PROBLEM DETAILS:
Each line of the records that holds "list" should be shown in full.
--- START ---
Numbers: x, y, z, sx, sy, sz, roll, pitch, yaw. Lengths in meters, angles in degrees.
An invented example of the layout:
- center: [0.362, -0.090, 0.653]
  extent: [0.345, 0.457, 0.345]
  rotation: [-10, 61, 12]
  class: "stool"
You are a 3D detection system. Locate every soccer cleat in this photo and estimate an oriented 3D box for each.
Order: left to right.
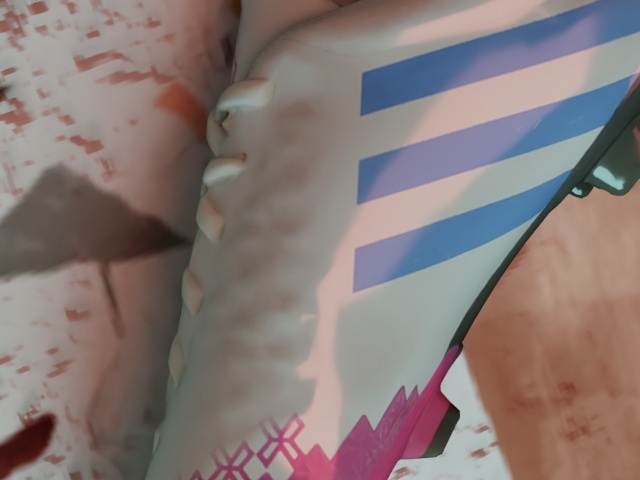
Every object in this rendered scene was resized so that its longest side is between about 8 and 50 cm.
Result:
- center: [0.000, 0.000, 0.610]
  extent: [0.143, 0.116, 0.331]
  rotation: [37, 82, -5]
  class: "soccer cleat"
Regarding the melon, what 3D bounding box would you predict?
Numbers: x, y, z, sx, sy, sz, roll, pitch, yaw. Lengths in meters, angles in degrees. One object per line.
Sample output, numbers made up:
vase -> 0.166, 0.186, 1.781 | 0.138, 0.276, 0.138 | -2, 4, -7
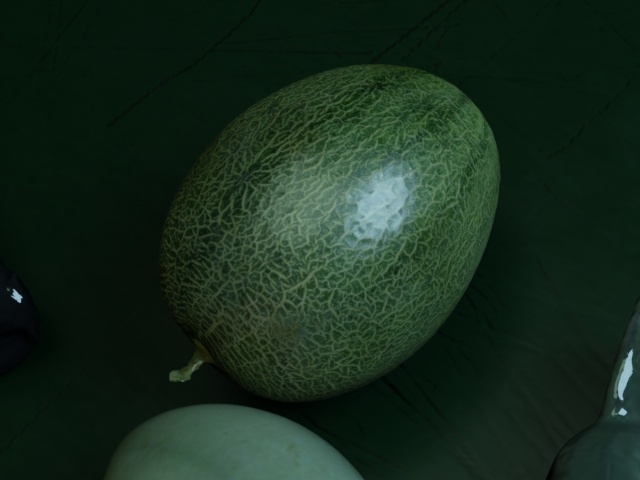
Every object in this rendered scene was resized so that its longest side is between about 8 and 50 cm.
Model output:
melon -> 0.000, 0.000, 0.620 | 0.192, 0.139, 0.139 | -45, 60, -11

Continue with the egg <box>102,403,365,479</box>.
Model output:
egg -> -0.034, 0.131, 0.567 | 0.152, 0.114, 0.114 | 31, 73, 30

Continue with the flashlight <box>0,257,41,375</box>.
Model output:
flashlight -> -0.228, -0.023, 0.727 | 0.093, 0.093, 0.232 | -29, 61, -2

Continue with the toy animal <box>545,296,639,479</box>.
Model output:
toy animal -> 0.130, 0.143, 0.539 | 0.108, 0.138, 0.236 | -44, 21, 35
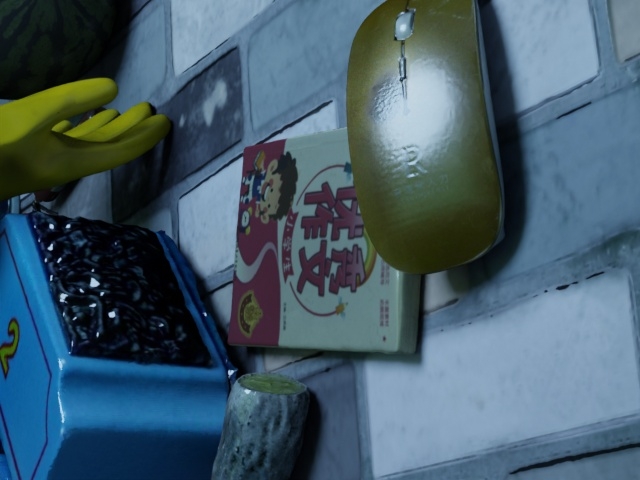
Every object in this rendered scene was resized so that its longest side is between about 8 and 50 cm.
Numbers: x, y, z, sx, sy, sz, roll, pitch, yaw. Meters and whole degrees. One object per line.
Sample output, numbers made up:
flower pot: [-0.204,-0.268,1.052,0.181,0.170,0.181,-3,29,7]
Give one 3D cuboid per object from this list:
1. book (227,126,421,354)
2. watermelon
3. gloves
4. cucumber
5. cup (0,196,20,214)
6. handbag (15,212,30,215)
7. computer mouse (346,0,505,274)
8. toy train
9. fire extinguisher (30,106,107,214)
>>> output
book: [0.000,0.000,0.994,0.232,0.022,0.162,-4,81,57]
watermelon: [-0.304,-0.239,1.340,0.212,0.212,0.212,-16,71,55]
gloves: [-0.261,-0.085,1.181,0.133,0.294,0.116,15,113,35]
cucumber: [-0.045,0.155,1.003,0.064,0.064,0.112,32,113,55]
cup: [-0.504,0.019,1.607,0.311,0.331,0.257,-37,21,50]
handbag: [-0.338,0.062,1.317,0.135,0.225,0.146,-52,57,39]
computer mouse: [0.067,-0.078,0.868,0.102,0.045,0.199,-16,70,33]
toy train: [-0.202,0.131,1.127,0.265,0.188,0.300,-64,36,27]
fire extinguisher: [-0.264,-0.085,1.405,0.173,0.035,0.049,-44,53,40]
--- END ---
--- START ---
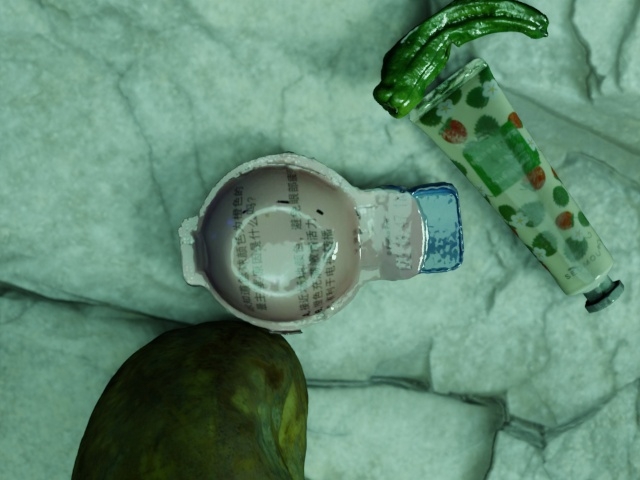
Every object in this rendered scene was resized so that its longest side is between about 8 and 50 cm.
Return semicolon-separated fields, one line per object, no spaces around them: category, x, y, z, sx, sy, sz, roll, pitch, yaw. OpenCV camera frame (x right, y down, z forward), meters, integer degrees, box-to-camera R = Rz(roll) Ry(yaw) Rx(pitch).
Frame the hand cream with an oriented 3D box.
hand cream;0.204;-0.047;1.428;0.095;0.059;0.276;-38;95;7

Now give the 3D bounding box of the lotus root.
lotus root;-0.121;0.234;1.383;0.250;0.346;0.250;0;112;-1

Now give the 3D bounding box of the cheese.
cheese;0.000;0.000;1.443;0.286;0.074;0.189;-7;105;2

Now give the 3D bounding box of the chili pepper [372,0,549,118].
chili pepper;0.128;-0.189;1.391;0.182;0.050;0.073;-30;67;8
--- END ---
--- START ---
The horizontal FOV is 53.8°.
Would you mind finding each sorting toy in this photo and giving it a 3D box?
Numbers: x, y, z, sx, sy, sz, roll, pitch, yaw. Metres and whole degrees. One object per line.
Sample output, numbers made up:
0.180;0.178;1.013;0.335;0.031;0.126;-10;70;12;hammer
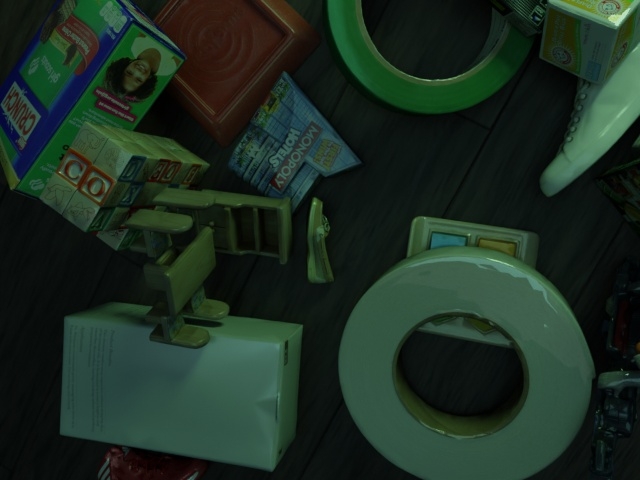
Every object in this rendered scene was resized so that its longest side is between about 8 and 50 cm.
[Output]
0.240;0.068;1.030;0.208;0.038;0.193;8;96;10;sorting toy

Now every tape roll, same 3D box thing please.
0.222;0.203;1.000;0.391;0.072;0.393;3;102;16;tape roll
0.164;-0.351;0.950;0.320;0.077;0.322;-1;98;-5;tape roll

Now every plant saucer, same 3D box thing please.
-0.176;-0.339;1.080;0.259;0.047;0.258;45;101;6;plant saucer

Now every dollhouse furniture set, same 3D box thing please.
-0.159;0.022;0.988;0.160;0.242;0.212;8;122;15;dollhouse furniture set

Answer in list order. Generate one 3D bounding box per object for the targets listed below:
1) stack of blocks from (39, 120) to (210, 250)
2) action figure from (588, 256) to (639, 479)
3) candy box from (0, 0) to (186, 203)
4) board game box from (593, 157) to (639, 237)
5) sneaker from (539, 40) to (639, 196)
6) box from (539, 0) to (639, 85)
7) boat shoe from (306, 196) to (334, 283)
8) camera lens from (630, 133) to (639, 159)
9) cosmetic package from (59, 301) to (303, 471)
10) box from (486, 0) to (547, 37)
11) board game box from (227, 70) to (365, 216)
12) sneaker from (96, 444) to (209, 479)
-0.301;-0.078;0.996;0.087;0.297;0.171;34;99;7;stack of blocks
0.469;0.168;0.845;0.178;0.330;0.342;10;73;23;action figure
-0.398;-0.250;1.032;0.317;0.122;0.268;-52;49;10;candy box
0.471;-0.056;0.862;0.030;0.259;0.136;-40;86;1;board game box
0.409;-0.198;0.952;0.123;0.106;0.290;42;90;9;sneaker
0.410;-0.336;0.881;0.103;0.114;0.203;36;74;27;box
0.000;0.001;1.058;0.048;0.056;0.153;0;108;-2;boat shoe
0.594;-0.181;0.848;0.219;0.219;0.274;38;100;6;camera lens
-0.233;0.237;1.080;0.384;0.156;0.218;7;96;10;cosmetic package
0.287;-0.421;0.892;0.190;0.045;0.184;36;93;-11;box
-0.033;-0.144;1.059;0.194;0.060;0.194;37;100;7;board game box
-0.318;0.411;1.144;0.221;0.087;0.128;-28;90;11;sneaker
--- END ---
RESULT FOR THIS TASK:
Give one 3D cuboid per object from this list:
Answer in list order. Generate one 3D bounding box per object for the targets listed below:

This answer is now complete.